*** Opening of TASK INPUTS ***
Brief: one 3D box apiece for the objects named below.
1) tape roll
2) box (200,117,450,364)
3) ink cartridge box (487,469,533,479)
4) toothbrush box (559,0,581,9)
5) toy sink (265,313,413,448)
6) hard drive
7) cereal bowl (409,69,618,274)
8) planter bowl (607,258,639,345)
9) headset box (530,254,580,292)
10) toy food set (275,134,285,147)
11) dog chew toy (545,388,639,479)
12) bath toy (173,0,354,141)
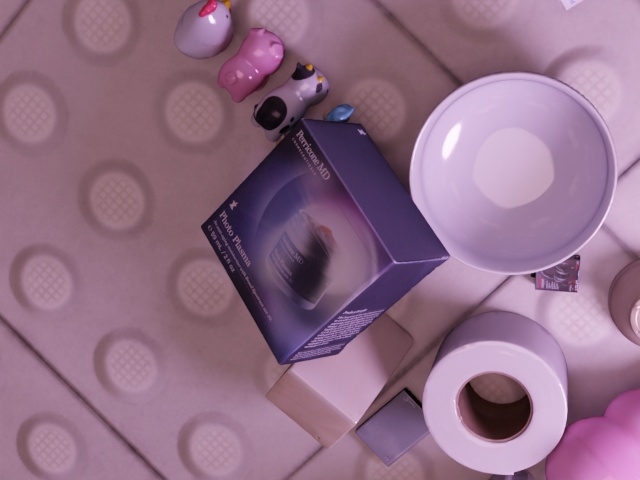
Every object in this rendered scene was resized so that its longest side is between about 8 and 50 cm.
[{"bbox_3d":[0.311,0.263,1.790,0.246,0.169,0.246,3,105,13],"label":"tape roll"},{"bbox_3d":[0.000,0.000,1.701,0.294,0.183,0.296,-44,67,29],"label":"box"},{"bbox_3d":[0.269,0.554,1.804,0.066,0.296,0.261,37,109,4],"label":"ink cartridge box"},{"bbox_3d":[0.443,-0.529,1.539,0.296,0.126,0.216,-30,64,18],"label":"toothbrush box"},{"bbox_3d":[0.036,0.236,1.859,0.153,0.234,0.131,39,139,2],"label":"toy sink"},{"bbox_3d":[0.146,0.355,1.932,0.094,0.022,0.135,46,109,0],"label":"hard drive"},{"bbox_3d":[0.323,-0.120,1.707,0.339,0.141,0.338,3,104,13],"label":"cereal bowl"},{"bbox_3d":[0.571,0.117,1.720,0.162,0.109,0.162,4,104,14],"label":"planter bowl"},{"bbox_3d":[0.412,0.056,1.785,0.083,0.032,0.062,4,105,12],"label":"headset box"},{"bbox_3d":[-0.043,-0.142,1.861,0.078,0.019,0.122,3,96,13],"label":"toy food set"},{"bbox_3d":[0.549,0.350,1.732,0.332,0.206,0.206,-38,92,-3],"label":"dog chew toy"},{"bbox_3d":[-0.102,-0.302,1.776,0.348,0.151,0.129,42,152,4],"label":"bath toy"}]
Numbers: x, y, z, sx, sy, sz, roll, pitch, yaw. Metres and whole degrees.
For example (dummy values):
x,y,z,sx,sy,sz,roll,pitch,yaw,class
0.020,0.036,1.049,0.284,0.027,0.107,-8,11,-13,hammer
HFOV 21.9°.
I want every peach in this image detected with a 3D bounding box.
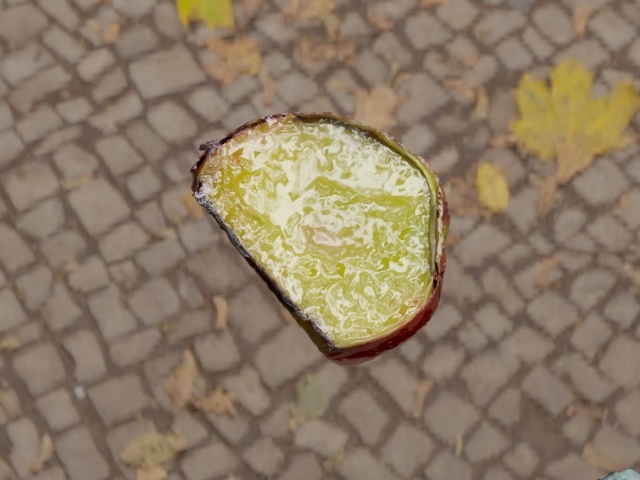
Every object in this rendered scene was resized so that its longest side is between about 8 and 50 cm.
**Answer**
x,y,z,sx,sy,sz,roll,pitch,yaw,class
0.000,0.000,0.521,0.083,0.050,0.077,5,84,12,peach

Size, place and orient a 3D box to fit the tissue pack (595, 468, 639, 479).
x,y,z,sx,sy,sz,roll,pitch,yaw,class
0.144,0.291,0.705,0.228,0.311,0.128,32,26,22,tissue pack
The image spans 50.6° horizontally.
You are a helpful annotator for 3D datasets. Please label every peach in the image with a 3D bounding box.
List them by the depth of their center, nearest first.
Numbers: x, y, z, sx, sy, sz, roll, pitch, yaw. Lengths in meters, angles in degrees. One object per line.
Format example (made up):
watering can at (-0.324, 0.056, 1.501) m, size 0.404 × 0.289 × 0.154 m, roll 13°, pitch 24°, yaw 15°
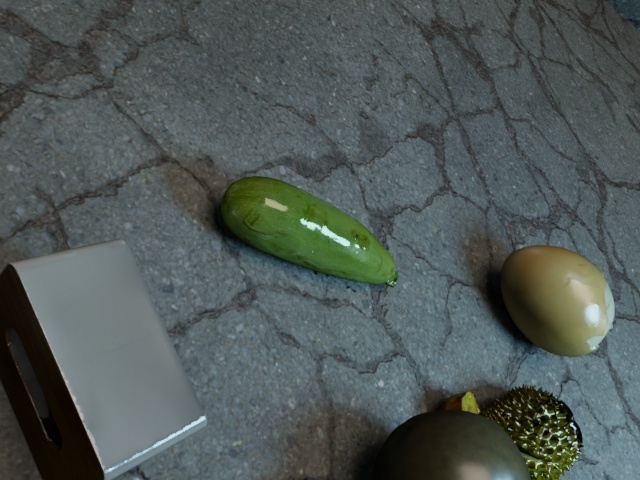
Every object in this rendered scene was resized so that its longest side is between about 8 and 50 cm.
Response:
peach at (0.240, 0.310, 1.167) m, size 0.098 × 0.062 × 0.098 m, roll 31°, pitch 52°, yaw -51°

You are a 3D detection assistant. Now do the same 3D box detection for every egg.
egg at (0.477, 0.114, 1.382) m, size 0.244 × 0.201 × 0.201 m, roll 41°, pitch 45°, yaw 1°

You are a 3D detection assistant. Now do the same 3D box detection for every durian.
durian at (0.405, 0.351, 1.226) m, size 0.237 × 0.138 × 0.193 m, roll -13°, pitch 75°, yaw -44°

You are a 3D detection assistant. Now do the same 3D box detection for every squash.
squash at (0.004, -0.004, 1.113) m, size 0.371 × 0.118 × 0.118 m, roll 24°, pitch 52°, yaw -30°

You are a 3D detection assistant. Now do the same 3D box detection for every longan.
longan at (0.191, 0.372, 0.980) m, size 0.248 × 0.248 × 0.248 m, roll 20°, pitch 55°, yaw -31°

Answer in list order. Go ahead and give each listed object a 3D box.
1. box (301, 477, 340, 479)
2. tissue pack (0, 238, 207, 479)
box at (-0.012, 0.371, 0.917) m, size 0.054 × 0.074 × 0.099 m, roll 21°, pitch 53°, yaw -13°
tissue pack at (-0.263, 0.144, 0.772) m, size 0.136 × 0.159 × 0.246 m, roll -18°, pitch 78°, yaw -46°
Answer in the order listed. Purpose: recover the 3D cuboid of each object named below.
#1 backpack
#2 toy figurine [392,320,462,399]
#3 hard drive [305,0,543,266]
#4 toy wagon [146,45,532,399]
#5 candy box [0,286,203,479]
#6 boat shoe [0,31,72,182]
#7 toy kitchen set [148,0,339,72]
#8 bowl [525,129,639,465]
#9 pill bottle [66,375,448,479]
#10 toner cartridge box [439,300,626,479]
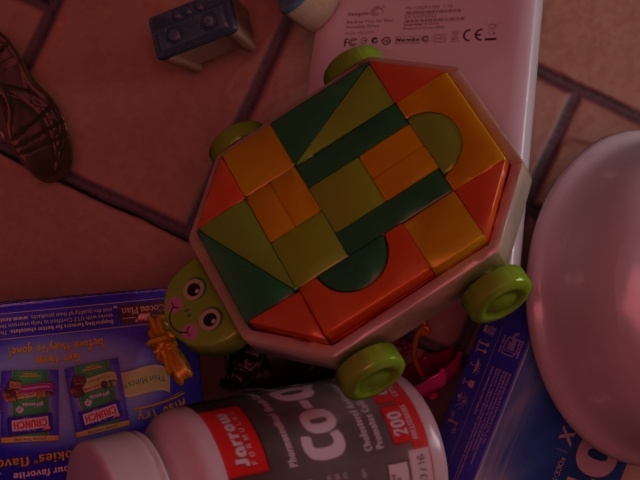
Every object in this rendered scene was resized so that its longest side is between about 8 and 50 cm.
[{"bbox_3d":[-0.036,0.076,1.455,0.105,0.084,0.114,3,94,-3],"label":"backpack"},{"bbox_3d":[0.072,0.066,1.453,0.173,0.130,0.159,12,99,6],"label":"toy figurine"},{"bbox_3d":[0.085,-0.115,1.404,0.203,0.040,0.307,0,68,19],"label":"hard drive"},{"bbox_3d":[0.000,0.000,1.320,0.344,0.068,0.267,-32,61,3],"label":"toy wagon"},{"bbox_3d":[-0.238,0.208,1.385,0.268,0.122,0.317,-4,88,-28],"label":"candy box"},{"bbox_3d":[-0.277,-0.122,1.474,0.056,0.048,0.153,-34,97,-14],"label":"boat shoe"},{"bbox_3d":[-0.092,-0.281,1.435,0.166,0.122,0.207,-18,73,19],"label":"toy kitchen set"},{"bbox_3d":[0.326,0.047,1.375,0.298,0.134,0.297,3,85,-35],"label":"bowl"},{"bbox_3d":[-0.053,0.205,1.323,0.283,0.161,0.161,-8,90,-27],"label":"pill bottle"},{"bbox_3d":[0.175,0.224,1.431,0.165,0.075,0.347,22,89,-32],"label":"toner cartridge box"}]
*** Close of TASK INPUTS ***
▸ REQUIREMENT
Check each line of the data for "below". Copy the lines where it turns up.

▸ ANSWER SPACE
Brief: one 3D box apiece for the objects named below.
Answer in the order listed. Purpose: recover the 3D cuboid of each object named below.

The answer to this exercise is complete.